A respiratory face
mask is provided suitably sized and configured to engage at least the
nose portion and mouth portion of a patient's face. Gas from a
gas supply and
scavenging set normally used in
dentistry is operatively coupled to the
mask via a
breathing circuit to supply fresh gas and evacuate exhaled
waste gas. A gas flow compensator in the
breathing circuit automatically prevents re-
breathing of exhaled gas. Because the
mask has a sealing
cushion,
contamination of the clinical room where the apparatus is being used also is avoided.
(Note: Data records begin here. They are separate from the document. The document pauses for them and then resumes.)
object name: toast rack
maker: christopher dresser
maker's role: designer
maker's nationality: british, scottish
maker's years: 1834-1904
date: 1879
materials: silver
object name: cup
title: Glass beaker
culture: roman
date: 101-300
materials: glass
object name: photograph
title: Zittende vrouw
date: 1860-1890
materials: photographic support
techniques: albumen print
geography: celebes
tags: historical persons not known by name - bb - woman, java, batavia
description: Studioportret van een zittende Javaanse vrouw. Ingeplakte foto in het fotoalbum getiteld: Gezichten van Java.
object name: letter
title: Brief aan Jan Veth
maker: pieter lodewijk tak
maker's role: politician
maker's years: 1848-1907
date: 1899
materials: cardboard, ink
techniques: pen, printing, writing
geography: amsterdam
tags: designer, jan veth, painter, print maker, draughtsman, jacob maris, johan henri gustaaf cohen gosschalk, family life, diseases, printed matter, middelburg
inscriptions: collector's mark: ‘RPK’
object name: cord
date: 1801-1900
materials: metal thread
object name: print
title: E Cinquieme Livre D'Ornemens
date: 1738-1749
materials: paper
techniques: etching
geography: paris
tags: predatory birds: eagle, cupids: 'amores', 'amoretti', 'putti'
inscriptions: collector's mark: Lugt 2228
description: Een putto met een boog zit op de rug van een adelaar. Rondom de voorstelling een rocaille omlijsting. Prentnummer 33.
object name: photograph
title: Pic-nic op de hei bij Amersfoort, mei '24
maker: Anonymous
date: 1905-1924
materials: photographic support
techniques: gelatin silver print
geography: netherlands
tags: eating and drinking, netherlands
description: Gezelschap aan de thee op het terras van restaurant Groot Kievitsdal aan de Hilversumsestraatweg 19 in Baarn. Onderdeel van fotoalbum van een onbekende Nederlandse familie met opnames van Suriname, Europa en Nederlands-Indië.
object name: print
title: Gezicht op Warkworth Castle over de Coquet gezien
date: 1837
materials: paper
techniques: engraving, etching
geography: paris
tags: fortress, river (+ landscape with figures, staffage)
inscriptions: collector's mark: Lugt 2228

In an alternatively preferred embodiment, the fresh
gas supply tube and the
exhalation limb of the breathing circuit are replaced by a single length of co-axial flexible tubing connected between the face mask and a branched
coupling. The branched
coupling, in turn, includes a first
branch for connection to the fresh
gas supply nozzle of the “dental” set-up and a second
branch for connection to a flexible flow-through
reservoir bag used to store waste or exhaled gas. A one-way valve is disposed between the second
branch output
nozzle and the input of the flexible bag. The output of the flexible flow-through bag is connected to the vacuum module of the “dental” set-up. The second branch of the
coupling, the one-way valve, and the flexible flow-through
reservoir bag define the
exhalation limb of the breathing circuit.